The PZ is for Plumbing Professionals ( those engaged in the plumbing profession)

Post an intro and tell our members where you are from, yrs in the trade, and your area(s) of expertise in the plumbing field.

This info helps members who are waiting to welcome you to the best plumbing site there is.

We look forward to your valuable input.


----------



## MACPLUMB777 (Jun 18, 2008)

The reason the drains are rusted is because someone used drain acid,
such as sulfuric acid or muritic acid


----------



## Designer Drains (Dec 28, 2017)

*material*

one of the biggest issues with rusty drains is that usually its because they are not made of stainless steel, or if you have screws in your cover they might not be made of stainless. if thats the case then that is the culprit. replacing the cover with something made of stainless steel would be a great option.


----------



## GAN (Jul 10, 2012)

Designer Drains said:


> one of the biggest issues with rusty drains is that usually its because they are not made of stainless steel, or if you have screws in your cover they might not be made of stainless. if thats the case then that is the culprit. replacing the cover with something made of stainless steel would be a great option.


Not a plumber, bye bye.


----------



## Adame (Dec 27, 2017)

MACPLUMB777 said:


> An intro is requested from all new members.

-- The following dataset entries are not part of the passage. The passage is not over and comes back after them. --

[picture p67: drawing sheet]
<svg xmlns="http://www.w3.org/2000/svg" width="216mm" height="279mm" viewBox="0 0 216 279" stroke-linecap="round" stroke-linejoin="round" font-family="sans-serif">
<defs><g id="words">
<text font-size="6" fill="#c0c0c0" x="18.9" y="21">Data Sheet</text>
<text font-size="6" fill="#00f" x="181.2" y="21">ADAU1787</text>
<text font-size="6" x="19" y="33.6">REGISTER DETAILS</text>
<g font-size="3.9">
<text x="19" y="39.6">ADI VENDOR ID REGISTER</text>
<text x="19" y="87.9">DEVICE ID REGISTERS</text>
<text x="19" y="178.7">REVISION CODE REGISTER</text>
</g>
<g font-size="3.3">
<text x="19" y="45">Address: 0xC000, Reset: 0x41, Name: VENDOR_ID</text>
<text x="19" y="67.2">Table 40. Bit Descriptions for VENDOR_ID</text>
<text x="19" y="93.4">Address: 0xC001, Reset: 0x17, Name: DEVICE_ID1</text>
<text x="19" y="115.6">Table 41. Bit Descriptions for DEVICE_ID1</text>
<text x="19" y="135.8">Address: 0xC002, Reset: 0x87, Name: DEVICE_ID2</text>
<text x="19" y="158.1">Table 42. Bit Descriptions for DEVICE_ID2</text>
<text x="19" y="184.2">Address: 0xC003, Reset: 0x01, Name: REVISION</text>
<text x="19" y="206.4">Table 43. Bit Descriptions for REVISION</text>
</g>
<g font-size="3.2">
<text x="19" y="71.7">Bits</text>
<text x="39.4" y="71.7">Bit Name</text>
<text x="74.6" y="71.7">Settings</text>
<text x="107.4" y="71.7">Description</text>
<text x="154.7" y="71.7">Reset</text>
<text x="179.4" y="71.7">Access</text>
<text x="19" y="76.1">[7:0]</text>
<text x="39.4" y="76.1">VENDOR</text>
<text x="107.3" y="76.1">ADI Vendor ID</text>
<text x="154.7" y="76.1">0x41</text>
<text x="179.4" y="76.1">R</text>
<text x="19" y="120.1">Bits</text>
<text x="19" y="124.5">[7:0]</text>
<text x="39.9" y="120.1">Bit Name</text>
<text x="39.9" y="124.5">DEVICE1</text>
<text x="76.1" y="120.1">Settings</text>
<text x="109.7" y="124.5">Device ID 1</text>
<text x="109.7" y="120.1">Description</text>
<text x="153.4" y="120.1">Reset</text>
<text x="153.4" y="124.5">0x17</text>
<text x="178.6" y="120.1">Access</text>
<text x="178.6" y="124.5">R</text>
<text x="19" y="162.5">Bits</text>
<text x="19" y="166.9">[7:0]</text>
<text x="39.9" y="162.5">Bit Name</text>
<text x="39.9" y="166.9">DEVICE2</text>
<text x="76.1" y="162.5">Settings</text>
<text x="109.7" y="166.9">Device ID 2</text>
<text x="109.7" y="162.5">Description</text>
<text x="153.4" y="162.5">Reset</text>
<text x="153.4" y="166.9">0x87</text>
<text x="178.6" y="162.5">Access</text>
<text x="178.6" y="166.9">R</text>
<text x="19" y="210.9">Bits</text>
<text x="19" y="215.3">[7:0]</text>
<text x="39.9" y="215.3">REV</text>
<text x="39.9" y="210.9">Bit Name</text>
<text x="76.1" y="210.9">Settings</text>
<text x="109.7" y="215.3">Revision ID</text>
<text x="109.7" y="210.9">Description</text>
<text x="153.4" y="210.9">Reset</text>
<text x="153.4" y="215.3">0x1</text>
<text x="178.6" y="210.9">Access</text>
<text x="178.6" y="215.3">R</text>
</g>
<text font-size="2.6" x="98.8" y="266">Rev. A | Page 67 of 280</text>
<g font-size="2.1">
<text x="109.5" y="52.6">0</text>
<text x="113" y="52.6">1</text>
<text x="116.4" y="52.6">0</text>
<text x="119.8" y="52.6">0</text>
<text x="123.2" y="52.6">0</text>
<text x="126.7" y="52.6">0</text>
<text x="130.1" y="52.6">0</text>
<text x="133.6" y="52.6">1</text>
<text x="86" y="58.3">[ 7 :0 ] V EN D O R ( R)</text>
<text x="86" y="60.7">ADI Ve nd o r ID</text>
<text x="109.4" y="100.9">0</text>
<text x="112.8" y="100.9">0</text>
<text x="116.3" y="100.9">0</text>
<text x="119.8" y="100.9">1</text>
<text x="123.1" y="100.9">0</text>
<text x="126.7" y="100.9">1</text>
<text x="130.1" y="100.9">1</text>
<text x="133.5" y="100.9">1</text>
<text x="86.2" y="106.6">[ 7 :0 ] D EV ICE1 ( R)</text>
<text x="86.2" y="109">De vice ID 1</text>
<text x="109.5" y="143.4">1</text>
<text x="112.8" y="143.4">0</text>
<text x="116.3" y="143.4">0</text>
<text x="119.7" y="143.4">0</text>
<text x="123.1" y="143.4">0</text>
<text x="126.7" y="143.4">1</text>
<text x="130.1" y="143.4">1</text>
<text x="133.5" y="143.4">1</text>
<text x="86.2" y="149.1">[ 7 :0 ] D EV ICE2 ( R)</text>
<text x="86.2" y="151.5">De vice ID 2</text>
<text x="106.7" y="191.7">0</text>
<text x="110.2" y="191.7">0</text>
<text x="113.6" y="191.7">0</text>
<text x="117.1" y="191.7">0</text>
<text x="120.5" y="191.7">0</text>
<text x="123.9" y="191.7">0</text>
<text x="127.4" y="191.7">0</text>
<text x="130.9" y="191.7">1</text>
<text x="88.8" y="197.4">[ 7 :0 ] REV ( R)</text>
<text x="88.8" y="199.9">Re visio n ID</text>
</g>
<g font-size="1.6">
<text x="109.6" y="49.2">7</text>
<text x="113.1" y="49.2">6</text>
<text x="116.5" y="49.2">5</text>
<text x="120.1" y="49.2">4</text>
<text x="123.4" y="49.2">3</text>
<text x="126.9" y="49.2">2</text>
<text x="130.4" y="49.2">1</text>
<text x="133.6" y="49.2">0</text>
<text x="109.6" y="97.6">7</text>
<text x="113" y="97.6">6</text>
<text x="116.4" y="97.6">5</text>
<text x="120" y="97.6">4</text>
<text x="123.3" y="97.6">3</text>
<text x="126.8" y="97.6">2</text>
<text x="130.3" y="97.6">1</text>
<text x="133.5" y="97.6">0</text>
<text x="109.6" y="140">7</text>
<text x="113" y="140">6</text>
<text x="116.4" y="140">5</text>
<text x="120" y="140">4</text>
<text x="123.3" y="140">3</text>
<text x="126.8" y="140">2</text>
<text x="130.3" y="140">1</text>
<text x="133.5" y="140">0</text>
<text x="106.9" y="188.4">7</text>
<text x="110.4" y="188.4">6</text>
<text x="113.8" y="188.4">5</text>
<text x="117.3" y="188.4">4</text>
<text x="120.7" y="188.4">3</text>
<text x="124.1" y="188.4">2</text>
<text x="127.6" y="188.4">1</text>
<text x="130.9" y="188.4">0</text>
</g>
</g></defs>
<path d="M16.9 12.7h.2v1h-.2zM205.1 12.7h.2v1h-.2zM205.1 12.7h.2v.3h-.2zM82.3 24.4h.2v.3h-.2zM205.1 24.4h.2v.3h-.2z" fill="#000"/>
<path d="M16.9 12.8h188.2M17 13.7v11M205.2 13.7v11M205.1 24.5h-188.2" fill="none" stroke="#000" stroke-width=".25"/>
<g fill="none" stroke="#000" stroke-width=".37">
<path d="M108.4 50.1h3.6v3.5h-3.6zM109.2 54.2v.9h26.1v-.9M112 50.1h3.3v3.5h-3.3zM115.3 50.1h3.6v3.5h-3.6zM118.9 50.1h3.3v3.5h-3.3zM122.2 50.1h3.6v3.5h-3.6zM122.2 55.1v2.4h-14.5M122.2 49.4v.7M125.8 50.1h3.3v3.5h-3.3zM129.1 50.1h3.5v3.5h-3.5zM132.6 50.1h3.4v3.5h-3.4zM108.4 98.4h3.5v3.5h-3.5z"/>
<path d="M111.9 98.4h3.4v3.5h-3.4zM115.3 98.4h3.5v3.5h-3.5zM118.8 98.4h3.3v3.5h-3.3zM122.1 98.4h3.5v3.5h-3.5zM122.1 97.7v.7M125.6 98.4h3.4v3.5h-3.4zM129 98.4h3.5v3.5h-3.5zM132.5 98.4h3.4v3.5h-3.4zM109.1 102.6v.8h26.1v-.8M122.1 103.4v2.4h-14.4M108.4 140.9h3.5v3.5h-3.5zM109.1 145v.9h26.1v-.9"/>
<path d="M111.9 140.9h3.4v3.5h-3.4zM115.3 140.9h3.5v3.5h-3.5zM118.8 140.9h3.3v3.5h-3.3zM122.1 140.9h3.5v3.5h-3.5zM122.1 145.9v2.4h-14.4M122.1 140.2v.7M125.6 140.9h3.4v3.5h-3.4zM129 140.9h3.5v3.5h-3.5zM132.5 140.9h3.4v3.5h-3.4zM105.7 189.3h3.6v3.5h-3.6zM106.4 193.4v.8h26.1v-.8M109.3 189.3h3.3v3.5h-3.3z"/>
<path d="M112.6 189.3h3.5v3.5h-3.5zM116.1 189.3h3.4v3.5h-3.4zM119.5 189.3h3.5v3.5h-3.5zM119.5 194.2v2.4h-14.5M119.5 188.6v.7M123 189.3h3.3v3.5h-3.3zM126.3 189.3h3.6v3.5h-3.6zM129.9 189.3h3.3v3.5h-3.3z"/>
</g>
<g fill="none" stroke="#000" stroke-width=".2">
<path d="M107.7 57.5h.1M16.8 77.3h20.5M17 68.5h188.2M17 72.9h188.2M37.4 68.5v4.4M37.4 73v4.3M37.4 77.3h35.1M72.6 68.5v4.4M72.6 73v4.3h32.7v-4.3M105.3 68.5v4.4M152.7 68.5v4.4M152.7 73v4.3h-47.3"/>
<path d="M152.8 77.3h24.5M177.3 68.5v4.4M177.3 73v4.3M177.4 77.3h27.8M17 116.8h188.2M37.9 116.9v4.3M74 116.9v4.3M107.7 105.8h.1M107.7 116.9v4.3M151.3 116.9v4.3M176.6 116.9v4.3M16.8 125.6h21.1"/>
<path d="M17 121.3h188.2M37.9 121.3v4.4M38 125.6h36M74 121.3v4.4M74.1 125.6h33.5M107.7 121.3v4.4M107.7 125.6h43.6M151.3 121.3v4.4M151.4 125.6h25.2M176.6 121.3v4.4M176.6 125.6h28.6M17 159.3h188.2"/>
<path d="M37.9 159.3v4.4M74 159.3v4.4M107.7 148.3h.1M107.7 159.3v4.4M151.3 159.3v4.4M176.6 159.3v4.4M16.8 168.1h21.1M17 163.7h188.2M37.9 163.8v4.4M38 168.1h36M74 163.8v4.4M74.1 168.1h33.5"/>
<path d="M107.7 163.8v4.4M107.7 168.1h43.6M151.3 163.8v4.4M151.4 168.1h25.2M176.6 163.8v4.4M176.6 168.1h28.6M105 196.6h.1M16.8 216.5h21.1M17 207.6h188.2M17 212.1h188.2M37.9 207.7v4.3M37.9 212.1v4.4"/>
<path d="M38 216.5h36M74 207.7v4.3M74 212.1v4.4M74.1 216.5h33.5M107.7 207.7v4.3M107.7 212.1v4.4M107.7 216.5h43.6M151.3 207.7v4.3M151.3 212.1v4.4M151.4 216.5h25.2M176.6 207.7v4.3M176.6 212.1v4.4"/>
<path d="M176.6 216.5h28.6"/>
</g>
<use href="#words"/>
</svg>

In case you missed it, here is the link. http://www.plumbingzone.com/f3/.
> 
> The PZ is for Plumbing Professionals ( those engaged in the plumbing profession)
> 
> ...


Hi friend,
There is already a small intro about me in the introduction section. That is just a very short intro. If you would like to know more about me, i will surely do it!


----------



## Adame (Dec 27, 2017)

Designer Drains said:


> one of the biggest issues with rusty drains is that usually its because they are not made of stainless steel, or if you have screws in your cover they might not be made of stainless. if thats the case then that is the culprit. replacing the cover with something made of stainless steel would be a great option.


Yeah that's true I guess. After seeing this post, I just went and checked the shower drains. The drains are made of stainless steel but the screw is not. It could be the reason for the rust.


----------



## rwh (Dec 17, 2014)

You are not a plumber


----------